4.1.13

Apocalipse now


Anoche tuve un sueño apocalíptico, el segundo desde el famoso 21 de diciembre que, pese a mi escepticismo racionalista, se abrió camino en el territorio de mi psique y articuló su propio "fin de la historia" -cualesquiera fuera, aun no sé, los sueños son siempre premonitorios y laberínticos...

El primero trajo el fuego, bajo la forma de una gruesa columna que avanzaba como un tornado, pero con dirección precisa hacia... nosotros, obviamente. Morábamos en una casa con ventanas grandes, la noche ocurría de pronto y con ella el apagón y tras el apagón, el fuego que vendría a devorar la tierra sin piedad.

Miraba incrédula a mi pareja: ¿cómo, no era que la profecía maya era un bardo? decime que mis ojos no ven lo que ven, despertame de esta, pero era en vano: sus ojos no podían ocultar su propio miedo. Recuerdo o creo o decido que haya sido así (los recuerdos de vigilia organizan el caos del relato, pero no las sensaciones que experimentamos dentro del sueño en sí) que le decía: "por lo menos, moriremos juntos". Después todo comenzó a moverse, a girar, pero me desperté a tiempo antes del humo y las llamas irrefrenables, antes de arder con el mundo entero.

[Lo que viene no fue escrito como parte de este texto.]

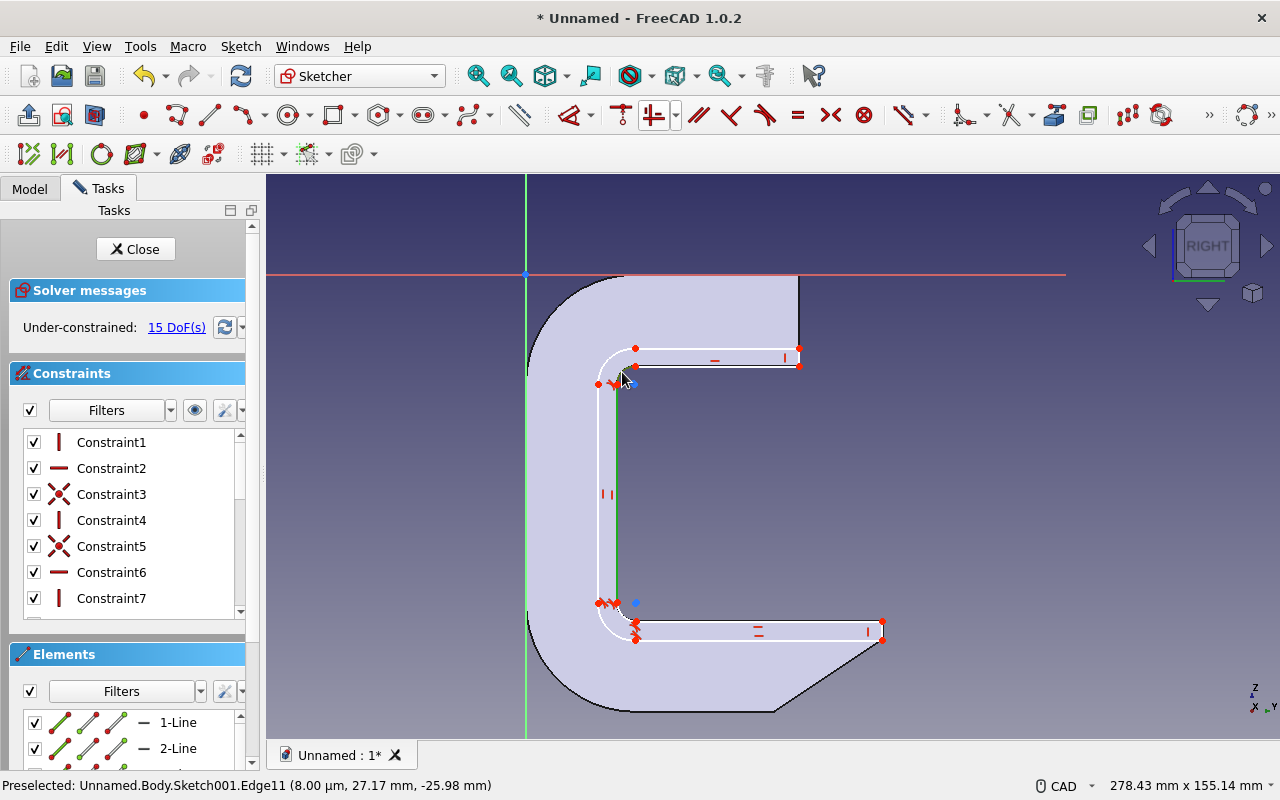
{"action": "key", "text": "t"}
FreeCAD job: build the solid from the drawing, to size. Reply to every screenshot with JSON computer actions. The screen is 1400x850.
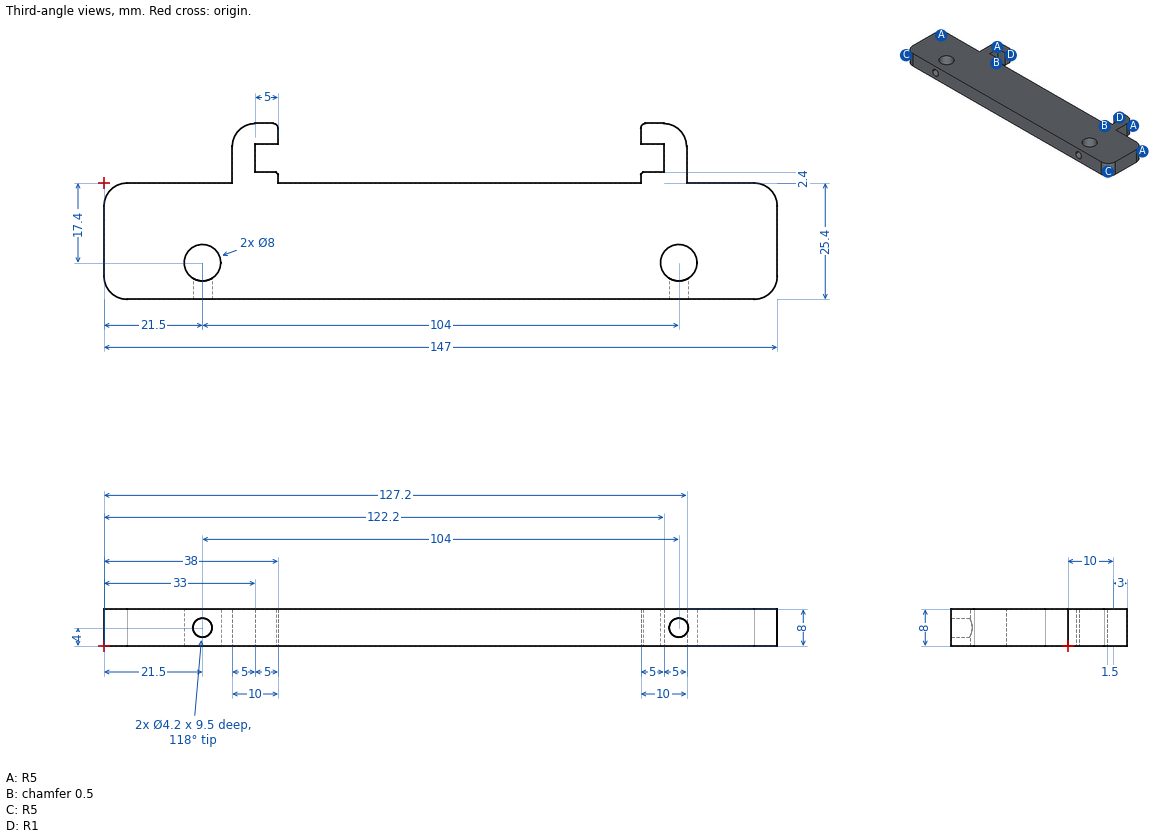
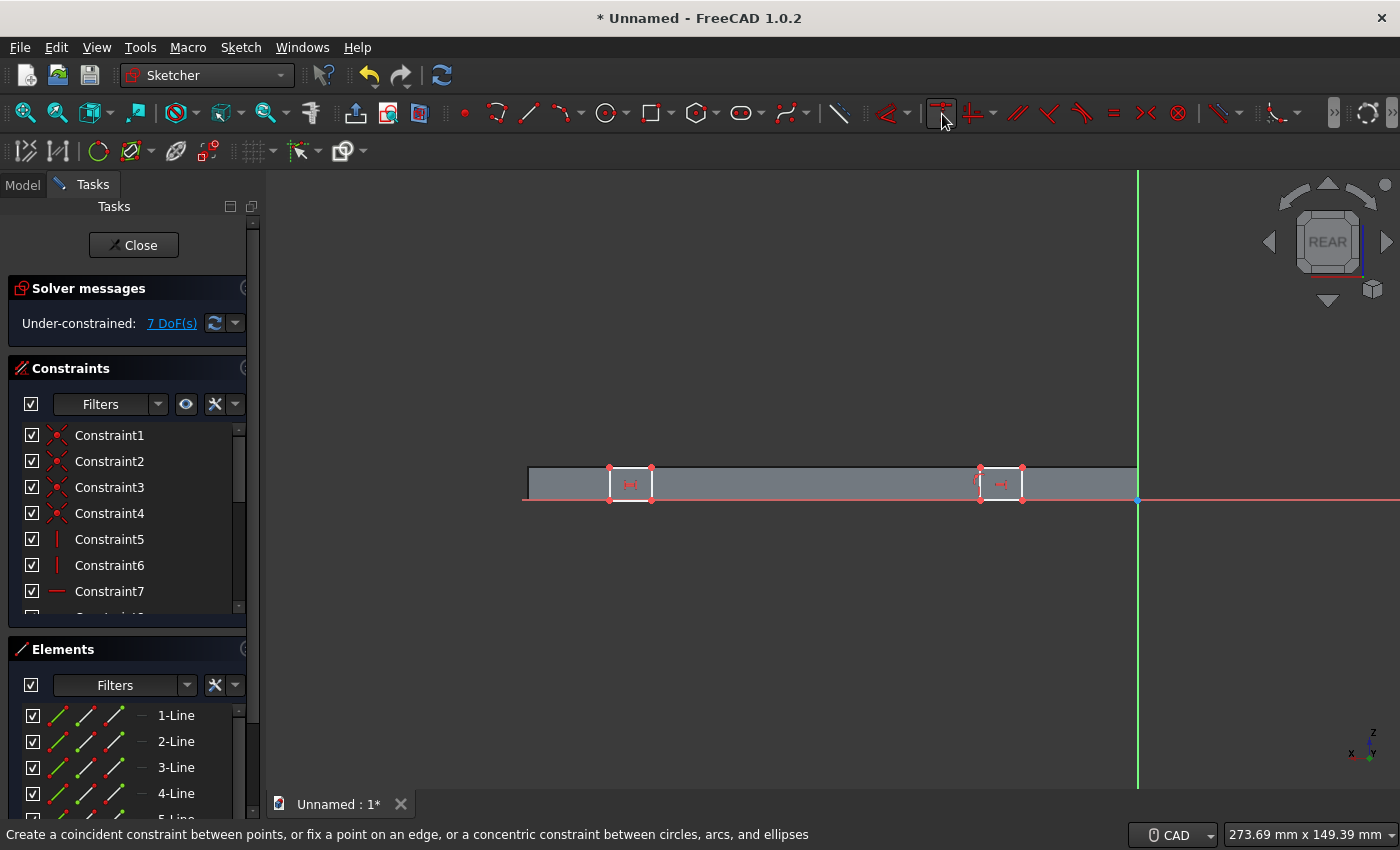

El de ayer fue líquido. La escena ocurría en un chalet con grandes ventanales, al pie de una montaña. Mi compañero, siempre presente en mis catástrofes, leía algo en el atardecer aun con luz. De pronto, se callaban los pájaros -en el sueño ese silencio repentino era notable para mí- y el rumor creciente de una cascada se abría camino desde la altura de la montaña hasta convertirse en torrentes, grandes masas de agua desbordando y cubriendo rápidamente las ventanas, colándose por las hendiduras, mientras nosotros corríamos a tapar cualquier hueco por donde pudiera filtrarse y estallar. Corríamos junto a los niños de la familia, pues esta vez, había niños y había familia en el sueño. Sobre mojado, llovido: a raudales, como maná del cielo, todo era gris en sordina a nuestro alrededor.

Hasta que cesaba la lluvia, el cielo comenzaba a despejarse, pero no del todo, nubes oscuras ocupaban la mitad del cielo que mirábamos, esperando que bajara el agua que nos había anegado.
Nunca morimos, parece que hasta allí llega mi apocalipsis.

No los vivos; sí: en cambio, encontraba a mi padre, muerto -por segunda vez- y con una expresión serena; el agua no lo había alcanzado. Yo lo tomaba en brazos y lo acunaba. Después, lo llevaba a uno de los cuartos, lo acostaba sobre una de las camas -había muchos cuartos en la casa-, lo tapaba y seguía acomodando el caos producido por la inundación, hasta el próximo embate de la naturaleza que no tardaría en producirse.